Part 3 of 4: Using Non-Verbal Communication

  1. 1 Use visual effects. This will help the patient understand concepts that would otherwise be difficult to understand.
    • If possible, review the diagrams and graphs of the part you are working with.
    • If you cannot find diagrams or diagrams, compare abstract concepts using concrete analogies and mental images.
  2. 2 Deal with the patient. Let the patient see that you are attentive to him and actively maintain eye contact.
    • You will, of course, sometimes need to look at the medical record, but try to maintain eye contact with the patient for at least half of the conversation. Eye contact is especially important when the patient talks about their problems or asks questions.
    • Maintaining eye contact can help you notice non-verbal modes of expression.
  3. 3 Watch your voice. Your tone should be clear and professional, but at the same time quite friendly.
    • Try to create a pleasant atmosphere, not a cold and austere one. Patients must always trust you and have faith in you, so you must behave confidently and professionally.

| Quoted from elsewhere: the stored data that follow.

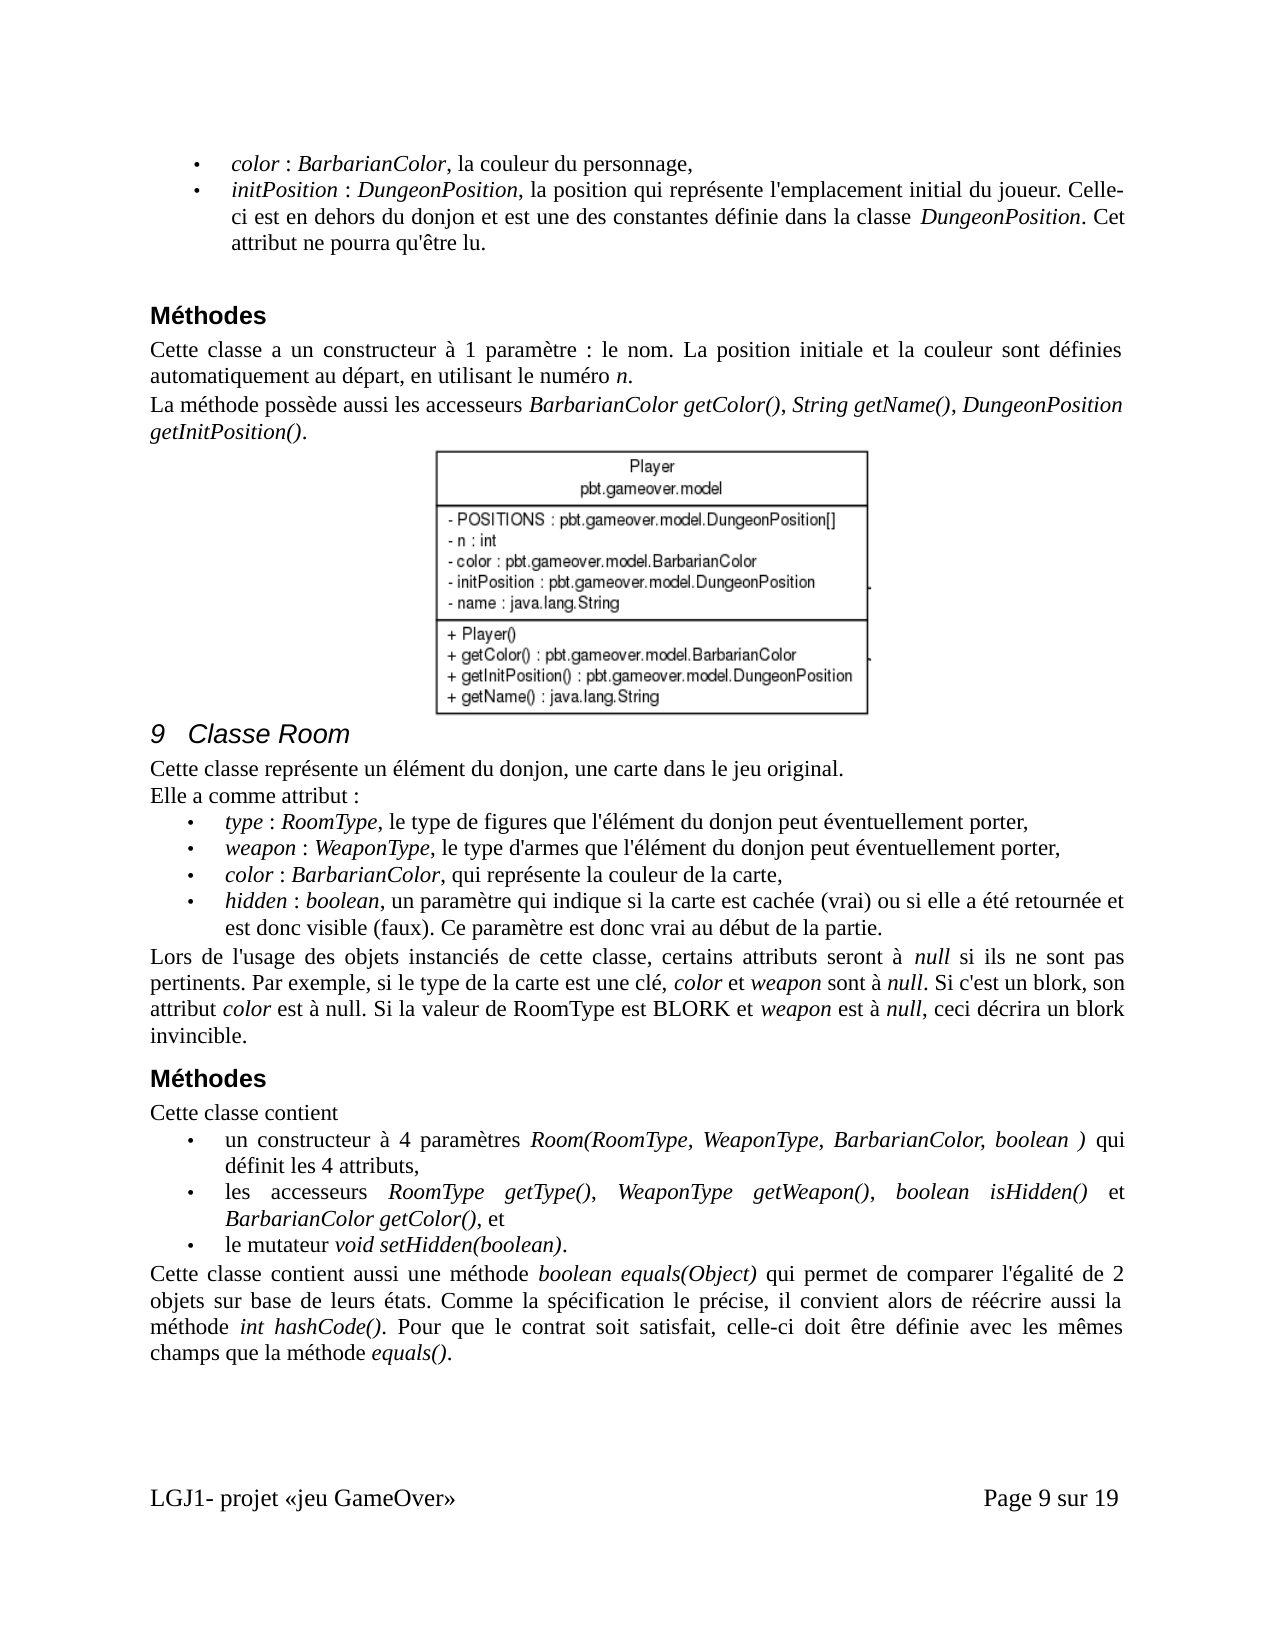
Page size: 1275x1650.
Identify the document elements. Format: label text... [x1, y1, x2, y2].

text Cette classe a un constructeur à 1 paramètre : le nom. La position initiale et la couleur sont définies automatiquement au départ, en utilisant le numéro n. [150, 336, 1125, 388]
list type : RoomType, le type de figures que l'élément du donjon peut éventuellement porter, [187, 808, 1125, 834]
text Cette classe représente un élément du donjon, une carte dans le jeu original. [150, 755, 1125, 782]
list le mutateur void setHidden(boolean). [187, 1231, 1125, 1257]
list weapon : WeaponType, le type d'armes que l'élément du donjon peut éventuellement porter, [187, 834, 1125, 861]
subtitle Méthodes [150, 301, 1125, 329]
text La méthode possède aussi les accesseurs BarbarianColor getColor(), String getName(), DungeonPosition getInitPosition(). [150, 391, 1125, 444]
text Cette classe contient [150, 1099, 1125, 1126]
list un constructeur à 4 paramètres Room(RoomType, WeaponType, BarbarianColor, boolean ) qui définit les 4 attributs, [187, 1126, 1125, 1178]
text Cette classe contient aussi une méthode boolean equals(Object) qui permet de comparer l'égalité de 2 objets sur base de leurs états. Comme la spécification le précise, il convient alors de réécrire aussi la méthode int hashCode(). Pour que le contrat soit satisfait, celle-ci doit être définie avec les mêmes champs que la méthode equals(). [150, 1260, 1125, 1366]
picture [432, 446, 872, 718]
subtitle Classe Room [150, 718, 1125, 749]
list color : BarbarianColor, la couleur du personnage, [193, 150, 1125, 176]
list les accesseurs RoomType getType(), WeaponType getWeapon(), boolean isHidden() et BarbarianColor getColor(), et [187, 1178, 1125, 1231]
list hidden : boolean, un paramètre qui indique si la carte est cachée (vrai) ou si elle a été retournée et est donc visible (faux). Ce paramètre est donc vrai au début de la partie. [187, 887, 1125, 940]
text Elle a comme attribut : [150, 782, 1125, 808]
list color : BarbarianColor, qui représente la couleur de la carte, [187, 861, 1125, 887]
list initPosition : DungeonPosition, la position qui représente l'emplacement initial du joueur. Celle-ci est en dehors du donjon et est une des constantes définie dans la classe DungeonPosition. Cet attribut ne pourra qu'être lu. [193, 176, 1125, 255]
text Lors de l'usage des objets instanciés de cette classe, certains attributs seront à null si ils ne sont pas pertinents. Par exemple, si le type de la carte est une clé, color et weapon sont à null. Si c'est un blork, son attribut color est à null. Si la valeur de RoomType est BLORK et weapon est à null, ceci décrira un blork invincible. [150, 943, 1125, 1048]
subtitle Méthodes [150, 1064, 1125, 1093]
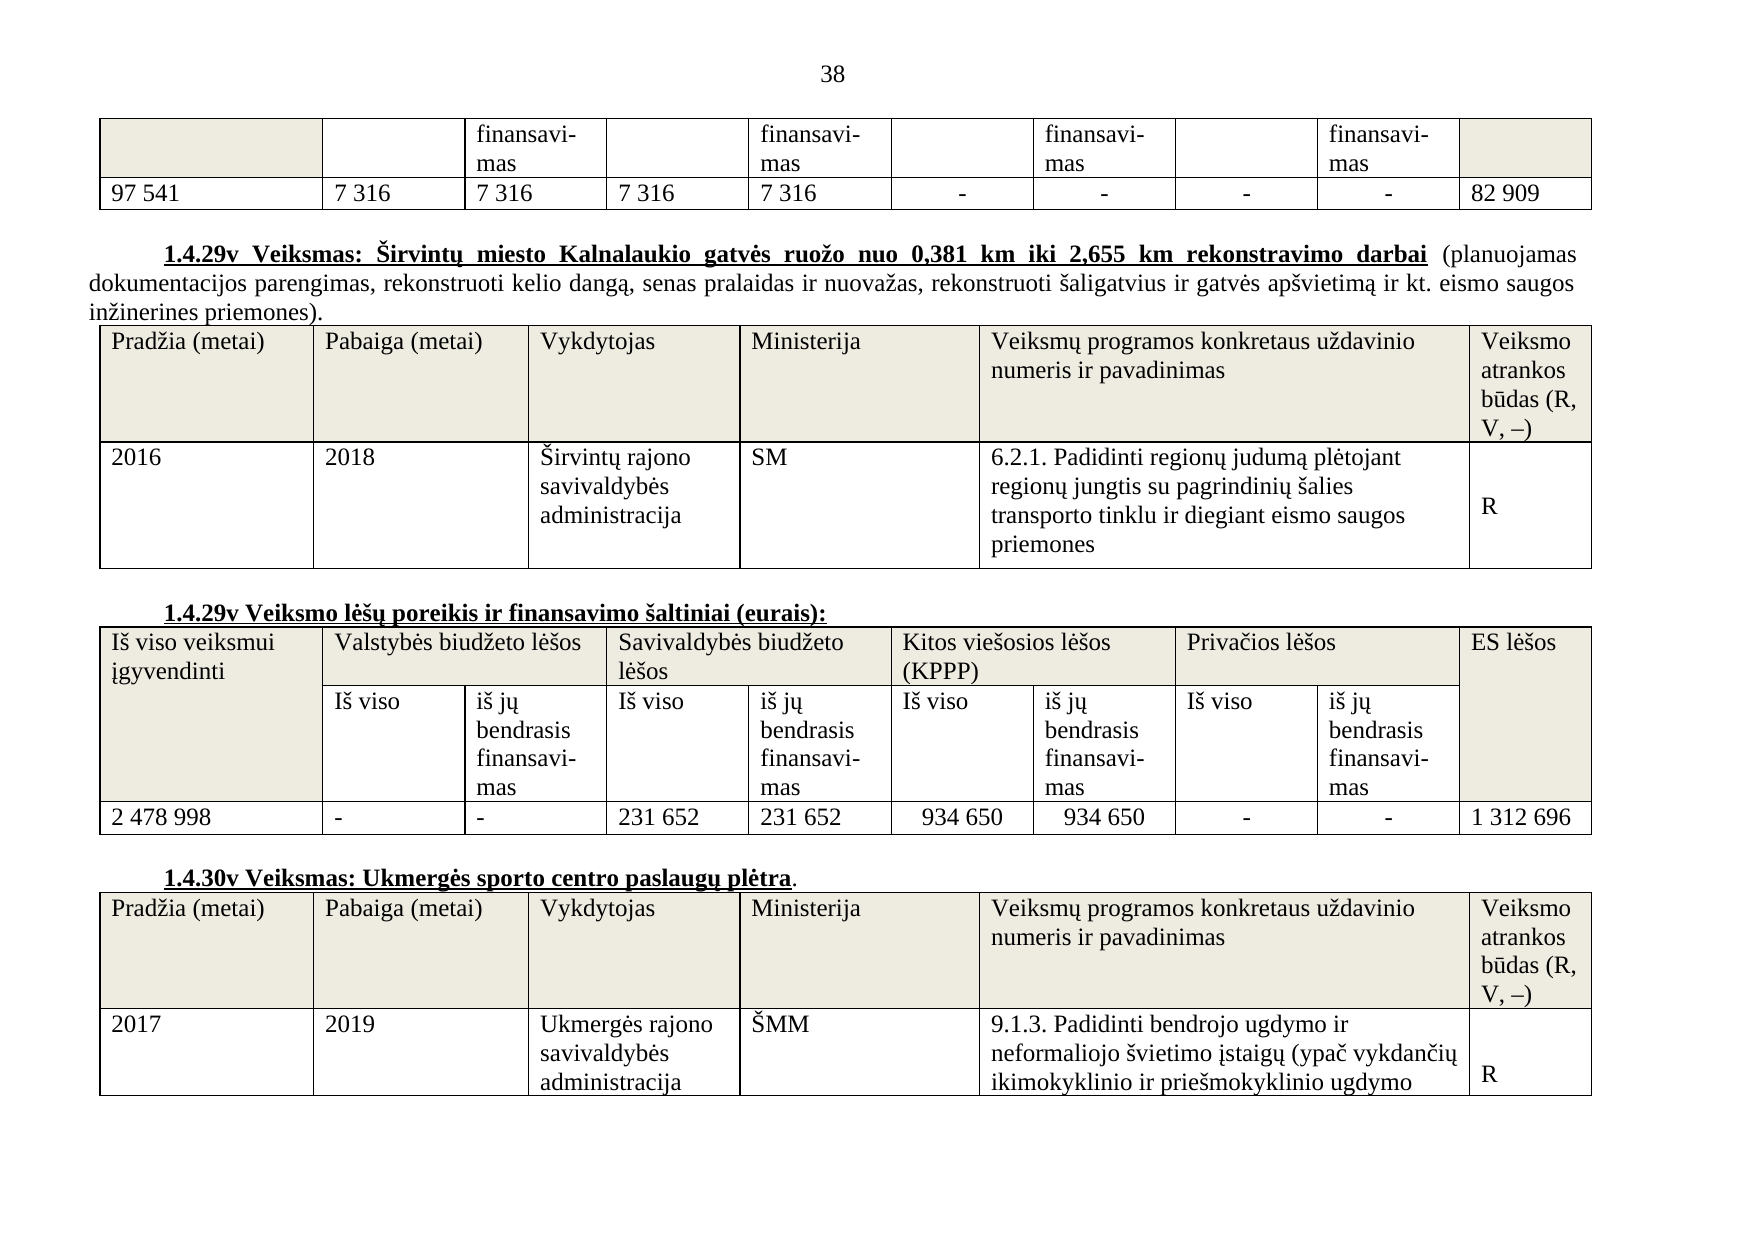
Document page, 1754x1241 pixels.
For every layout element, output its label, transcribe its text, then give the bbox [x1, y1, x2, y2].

table_cell - [466, 802, 606, 833]
table_header Vykdytojas [529, 326, 739, 441]
table_header ES lėšos [1460, 628, 1591, 801]
table_header Privačios lėšos [1176, 628, 1459, 685]
table_cell finansavi- mas [466, 119, 606, 177]
table_cell 97 541 [101, 178, 322, 209]
table_header Vykdytojas [529, 893, 739, 1008]
table_header Savivaldybės biudžeto lėšos [607, 628, 891, 685]
table_cell ŠMM [741, 1009, 979, 1095]
table_cell Iš viso [607, 686, 748, 801]
table_header Ministerija [741, 893, 979, 1008]
table_cell - [1034, 178, 1175, 209]
text 1.4.30v Veiksmas: Ukmergės sporto centro paslaugų plėtra. [89, 863, 1577, 892]
table_cell - [323, 802, 464, 833]
table_cell - [1318, 178, 1459, 209]
text 1.4.29v Veiksmo lėšų poreikis ir finansavimo šaltiniai (eurais): [89, 598, 1577, 626]
table_cell iš jų bendrasis finansavi- mas [1318, 686, 1459, 801]
table_cell finansavi- mas [1034, 119, 1175, 177]
table_header Valstybės biudžeto lėšos [323, 628, 606, 685]
table_cell 2 478 998 [101, 802, 322, 833]
table_cell Širvintų rajono savivaldybės administracija [529, 443, 739, 568]
table_cell 231 652 [749, 802, 891, 833]
table_cell 7 316 [607, 178, 748, 209]
table_header Pradžia (metai) [101, 893, 313, 1008]
table_header Kitos viešosios lėšos (KPPP) [892, 628, 1175, 685]
table_cell 934 650 [1034, 802, 1175, 833]
table_header [1460, 119, 1591, 177]
table_cell - [1176, 178, 1317, 209]
table_cell Iš viso [1176, 686, 1317, 801]
table_header Pabaiga (metai) [314, 893, 528, 1008]
table_cell Ukmergės rajono savivaldybės administracija [529, 1009, 739, 1095]
table_cell - [1176, 802, 1317, 833]
table_cell - [1318, 802, 1459, 833]
table_cell Iš viso [323, 686, 464, 801]
table_cell 2017 [101, 1009, 313, 1095]
table_cell 7 316 [466, 178, 606, 209]
table_cell R [1470, 1009, 1591, 1095]
table_cell [1176, 119, 1317, 177]
table_cell 6.2.1. Padidinti regionų judumą plėtojant regionų jungtis su pagrindinių šalies transporto tinklu ir diegiant eismo saugos priemones [980, 443, 1469, 568]
table_cell 231 652 [607, 802, 748, 833]
table_cell finansavi- mas [1318, 119, 1459, 177]
table_cell 934 650 [892, 802, 1033, 833]
table_cell finansavi- mas [749, 119, 891, 177]
table_header [101, 119, 322, 177]
text 1.4.29v Veiksmas: Širvintų miesto Kalnalaukio gatvės ruožo nuo 0,381 km iki 2,655 km rekonstravimo darbai (planuojamas dokumentacijos parengimas, rekonstruoti kelio dangą, senas pralaidas ir nuovažas, rekonstruoti šaligatvius ir gatvės apšvietimą ir kt. eismo saugos inžinerines priemones). [89, 239, 1577, 325]
table_cell [323, 119, 464, 177]
table_header Pradžia (metai) [101, 326, 313, 441]
table_header Veiksmų programos konkretaus uždavinio numeris ir pavadinimas [980, 893, 1469, 1008]
table_header Veiksmo atrankos būdas (R, V, –) [1470, 326, 1591, 441]
table_cell 1 312 696 [1460, 802, 1591, 833]
table_cell 2016 [101, 443, 313, 568]
table_cell iš jų bendrasis finansavi- mas [466, 686, 606, 801]
table_cell [607, 119, 748, 177]
table_cell 9.1.3. Padidinti bendrojo ugdymo ir neformaliojo švietimo įstaigų (ypač vykdančių ikimokyklinio ir priešmokyklinio ugdymo [980, 1009, 1469, 1095]
table_cell R [1470, 443, 1591, 568]
table_cell [892, 119, 1033, 177]
table_cell 2018 [314, 443, 528, 568]
table_cell Iš viso [892, 686, 1033, 801]
table_cell iš jų bendrasis finansavi- mas [749, 686, 891, 801]
table_header Pabaiga (metai) [314, 326, 528, 441]
table_cell - [892, 178, 1033, 209]
table_cell 82 909 [1460, 178, 1591, 209]
table_header Veiksmo atrankos būdas (R, V, –) [1470, 893, 1591, 1008]
table_cell SM [741, 443, 979, 568]
table_header Iš viso veiksmui įgyvendinti [101, 628, 322, 801]
table_cell 2019 [314, 1009, 528, 1095]
table_cell iš jų bendrasis finansavi- mas [1034, 686, 1175, 801]
table_cell 7 316 [749, 178, 891, 209]
table_header Veiksmų programos konkretaus uždavinio numeris ir pavadinimas [980, 326, 1469, 441]
table_header Ministerija [741, 326, 979, 441]
table_cell 7 316 [323, 178, 464, 209]

Part 4 of 4: Discussing Difficult Issues

  1. 1 Discuss difficult topics before a crisis hits. You should discuss some of the tricky issues that may arise once a diagnosis is made or if there is concern that the condition may worsen.
    • This can include anything from radical treatments to lifelong patient care.
    • The ideal place to discuss challenging issues is in your office, not the hospital. Patients tend to make wise decisions in a relaxed environment.
  2. 2 Take time to discuss important decisions. Some questions may need to be addressed immediately, but usually patients have a few days or weeks to think.
    • Insist on the importance of making a decision, but give the patient as much time as possible to think.
    • People often regret decisions made in a hurry. Try to minimize your regrets and the regrets of your patients.
  3. 3 Understand the importance of trusting decisions. Regardless of whether you share the opinion or religious beliefs of your patients, respect and encourage their beliefs, they will benefit.
    • If a patient asks about your religious views, do not hesitate to share your opinion. This will help create a comfortable environment when things go wrong.
    • If you feel uncomfortable, discuss the matter, you can refer your patient to someone who can solve it. Refer the patient to a priest or recommend a professional counselor who is willing to discuss religious issues.
  4. 4 Reaffirm positive beliefs. Even if the situation seems medically grim, you should encourage the patient to hope and fight the illness.
    • This does not mean that you should give false hope. If the chances of recovery are slim, be honest about it.
    • Insist that there is hope. Do not rule out the possibility of a good outcome, even if full recovery is in question.
  5. 5 Talk to your patient. No matter how strong the patient and family's hope is, show that your hope is just as strong.
    • If your patient is praying for a miracle, you may say that you are also praying or hoping for a miracle.
    • If the patient has come to terms with his illness, you should not put pressure on him and make him hope for the best. At any rate, you should discuss various ways to make the patient's life better despite his illness.
  6. 6 Reassure the patient that you are always there. Say that you will be with him or her throughout the illness or treatment. When someone receives frightening news, a knowledgeable ally can be a source of comfort and support.
    • If most of the treatment will be carried out by other doctors, you must reassure the patient that you will continue to be informed and always ready to discuss his problems and the course of treatment.
  7. 7 Suggest the best option. If the patient has a difficult decision to make, they may feel too overwhelmed to make it. In such cases, you may need to tell the patient directly that you believe in the best.
    • Suggest and explain why you think this is the best option. However, do not insist that the patient accept your offer.